Researchers have identified several types of Stickler syndrome, distinguished by their genetic causes and symptom patterns. Eye abnormalities and the severity of hearing loss vary between types. Type I carries the highest risk of retinal detachment. Type II also includes eye abnormalities, whereas type III does not (often referred to as non-ocular Stickler syndrome). Types II and III are more likely to involve significant hearing loss than Type I. Types IV, V, and VI are very rare, each diagnosed in only a handful of individuals.
Marshall syndrome, a condition similar to Stickler syndrome, also features distinctive facial features, eye abnormalities, hearing loss, and early arthritis. Short stature can also be a feature of Marshall syndrome. While some researchers consider Marshall syndrome a variant of Stickler syndrome, others classify it as a distinct disorder.
Stickler syndrome types I, II, and III follow an autosomal dominant inheritance pattern. This means only one copy of the mutated gene in each cell is needed to cause the disorder. In some cases, an affected person inherits the mutated gene from a parent who also has the condition. Other cases result from new mutations, occurring in individuals with no family history of Stickler syndrome.
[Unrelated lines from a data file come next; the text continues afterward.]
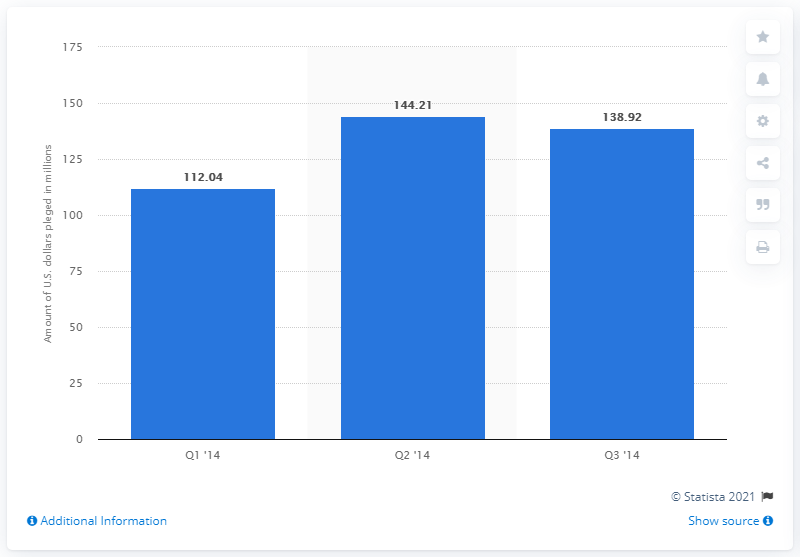Outline some significant characteristics in this image. The difference between quarter 2 and quarter 3 is less than or equal to 10. In the first quarter of 2014, the Kickstarter project generated a total of 112.04 million USD. During the third quarter of 2014, a total of 138.92 dollars were pledged to projects on the crowdfunding platform. 
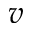<formula> <loc_0><loc_0><loc_500><loc_500>v</formula> 
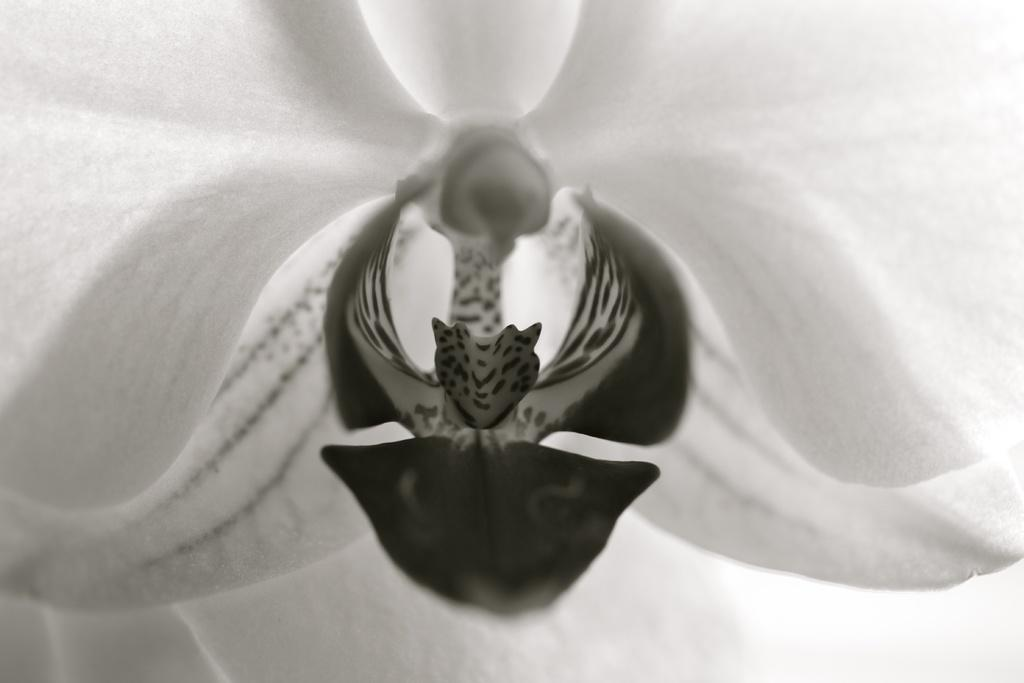What is the color scheme of the picture? The picture is black and white. What type of object can be seen in the picture? There is a flower in the picture. What type of dinner is being served in the image? There is no dinner present in the image; it features a black and white picture of a flower. What channel is the flower from in the image? The image is a still photograph and does not depict a channel or source. 
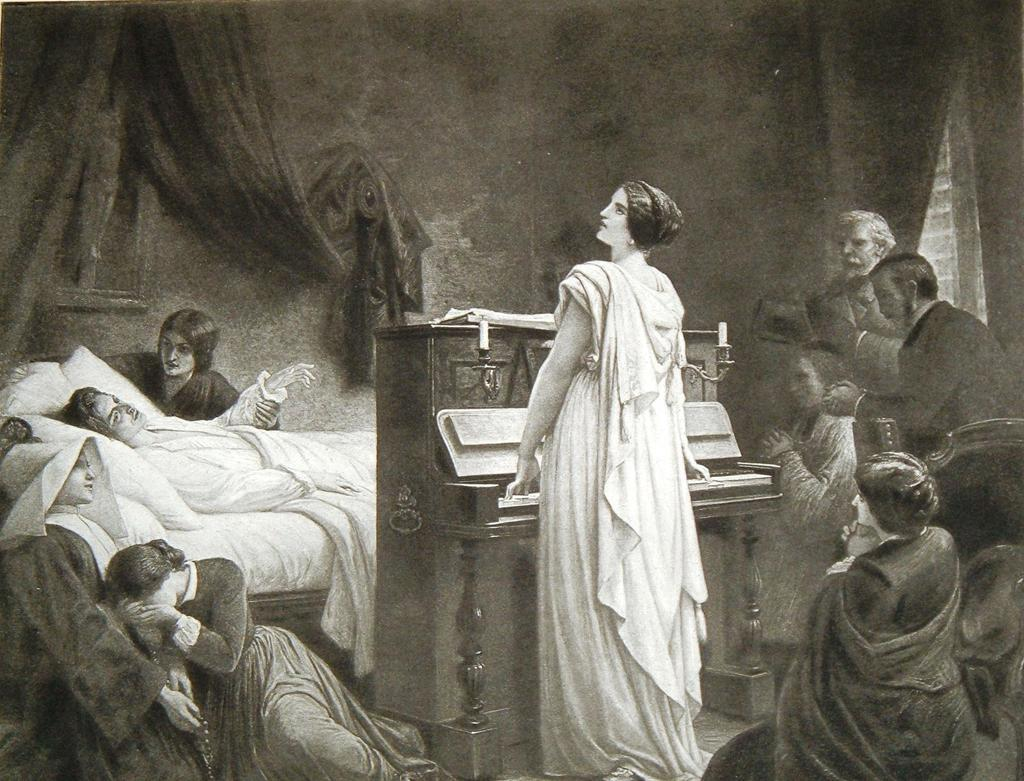What is the color scheme of the image? The image is black and white. Who is the main subject in the image? There is a woman in the image. What is the woman doing in the image? The woman is playing the piano. What else can be seen in the image besides the woman? There is a person laying on a bed in the image. What is the emotional state of the people in the image? There are people crying on either side of the image. What type of exchange is taking place between the woman and the person on the bed? There is no exchange taking place between the woman and the person on the bed in the image. What is the source of attraction in the image? There is no specific source of attraction mentioned or depicted in the image. 
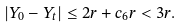Convert formula to latex. <formula><loc_0><loc_0><loc_500><loc_500>| Y _ { 0 } - Y _ { t } | \leq 2 r + c _ { 6 } r < 3 r .</formula> 
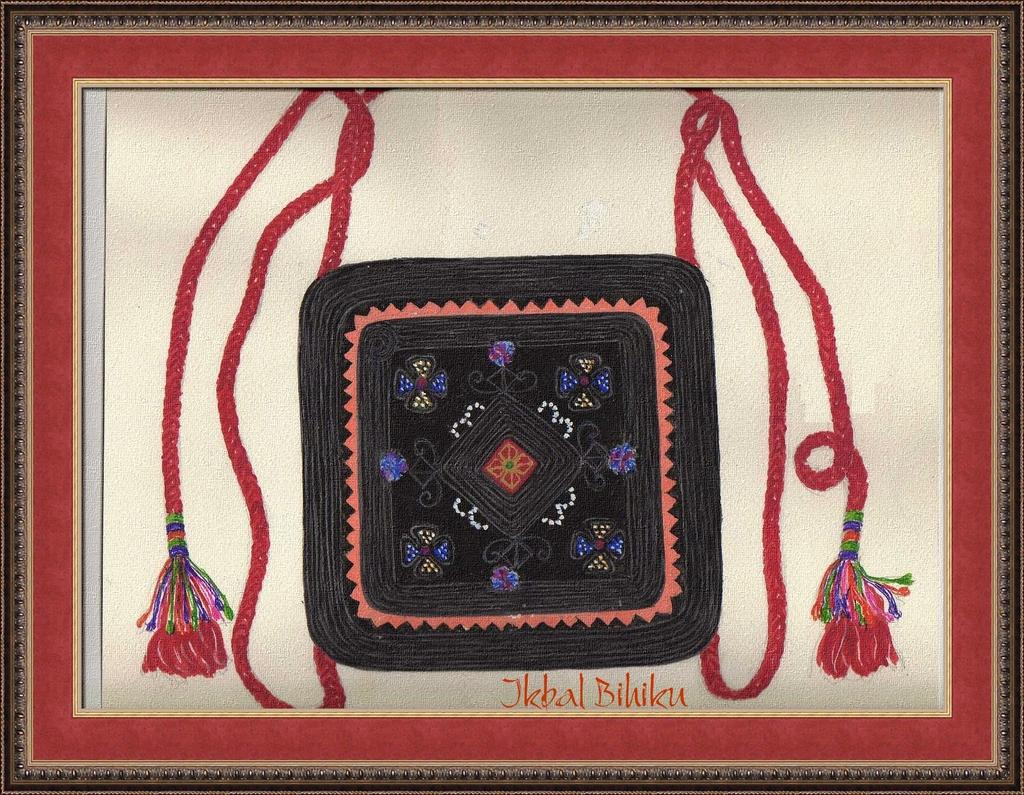Provide a one-sentence caption for the provided image. A piece of artwork created by Jkbal Bihiku is in a frame. 
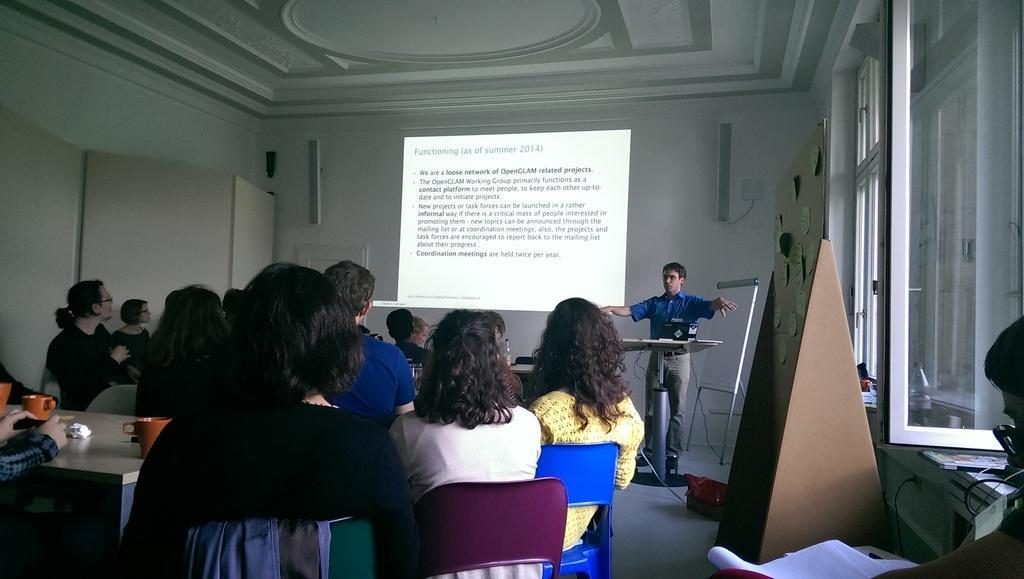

Marshall syndrome also typically exhibits autosomal dominant inheritance. Stickler syndrome types IV, V, and VI follow an autosomal recessive inheritance pattern. This requires two copies of the mutated gene in each cell for the condition to develop. The parents of someone with an autosomal recessive condition each carry one copy of the mutated gene but usually don't show any symptoms of the condition themselves.